→ **YOUR GOAL**: Of the lines listed below, return exactly those that run from the line containing "For each object" through the line containing "2. person [1795,616,1815,689]", both included.
[[ SUPPLIED DATA, beginning ]]
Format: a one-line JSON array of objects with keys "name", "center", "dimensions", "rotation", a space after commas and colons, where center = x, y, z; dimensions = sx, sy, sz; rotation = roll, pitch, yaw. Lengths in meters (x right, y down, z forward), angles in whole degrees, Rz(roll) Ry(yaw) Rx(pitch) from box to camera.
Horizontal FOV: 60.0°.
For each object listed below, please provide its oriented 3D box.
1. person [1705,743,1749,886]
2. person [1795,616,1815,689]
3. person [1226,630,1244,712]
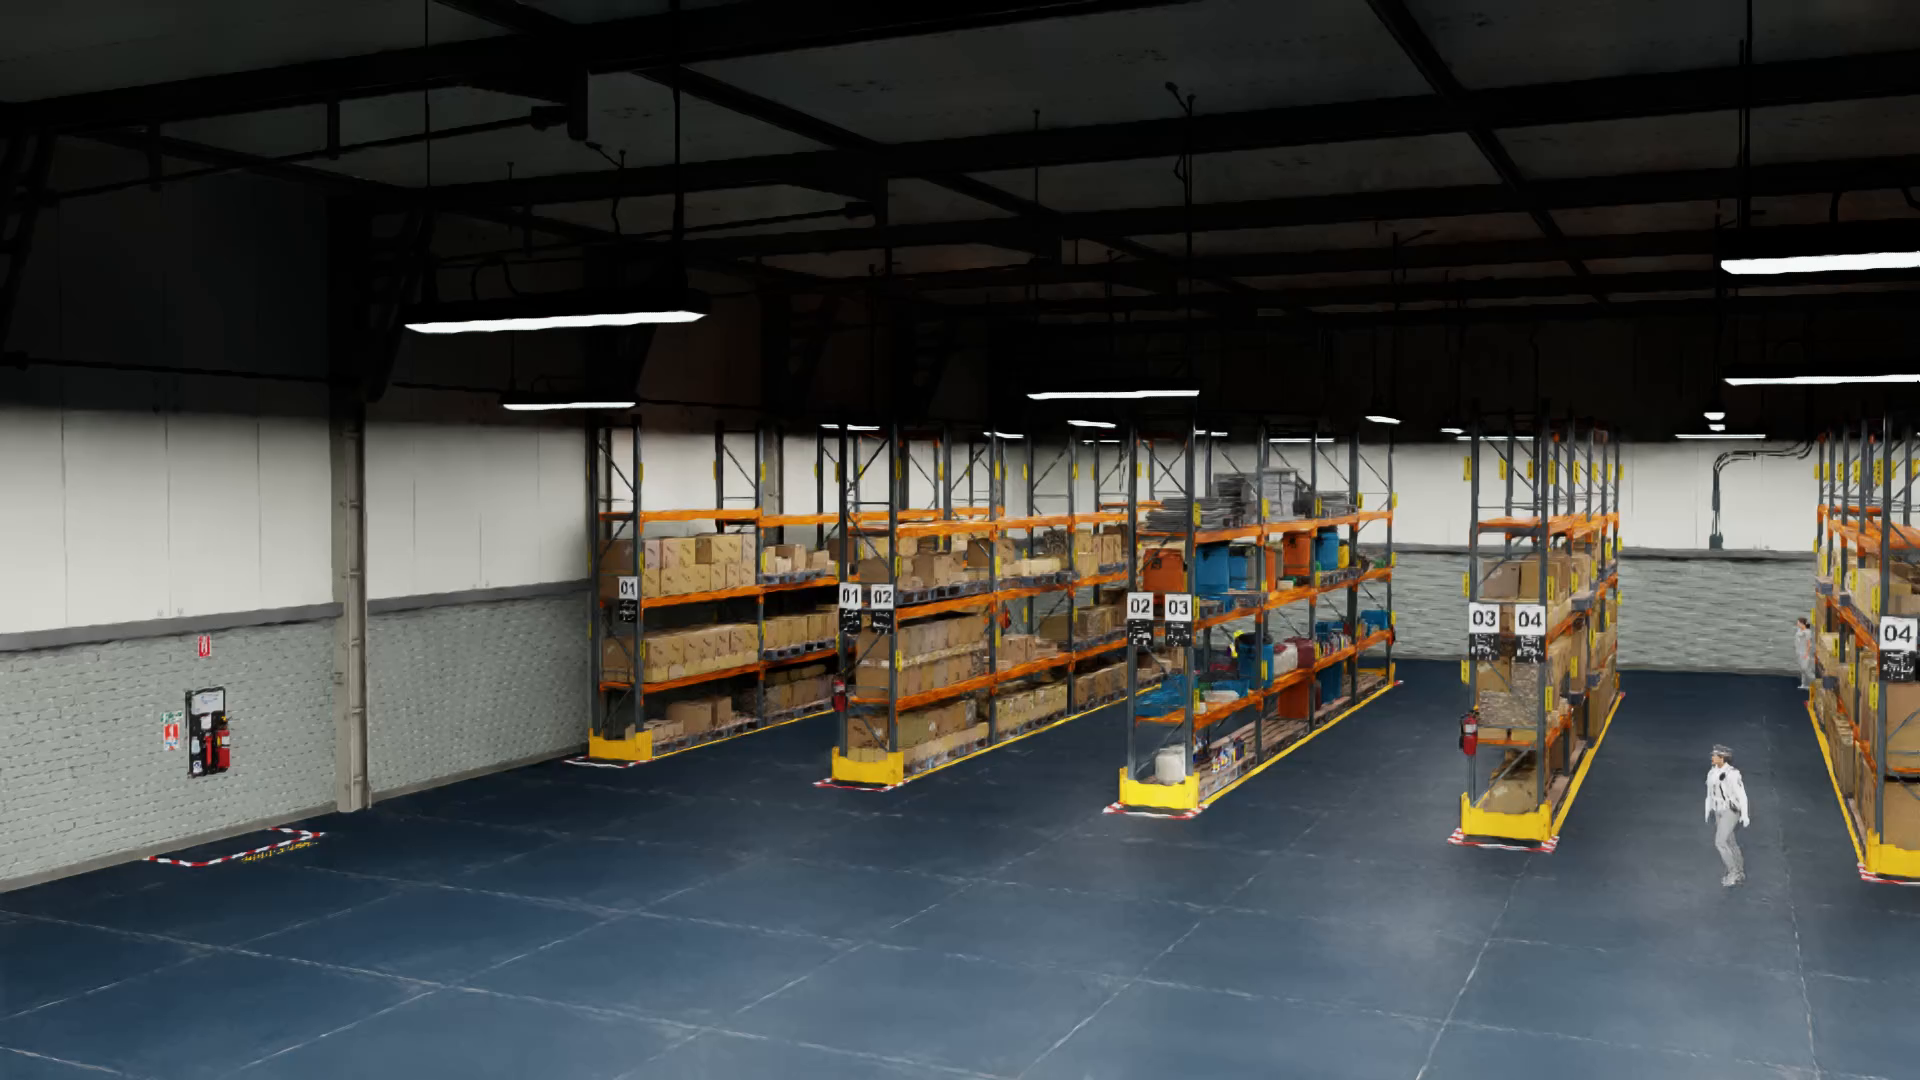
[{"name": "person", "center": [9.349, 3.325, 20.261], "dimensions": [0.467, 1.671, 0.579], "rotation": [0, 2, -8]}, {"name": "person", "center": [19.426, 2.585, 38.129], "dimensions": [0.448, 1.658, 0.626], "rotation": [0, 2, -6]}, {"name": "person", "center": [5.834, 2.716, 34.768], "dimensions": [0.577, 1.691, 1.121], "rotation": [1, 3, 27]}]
[[ SUPPLIED DATA, end ]]
→ **RESPONSE TO THIS TASK**:
For each object listed below, please provide its oriented 3D box.
1. person [1705,743,1749,886]
2. person [1795,616,1815,689]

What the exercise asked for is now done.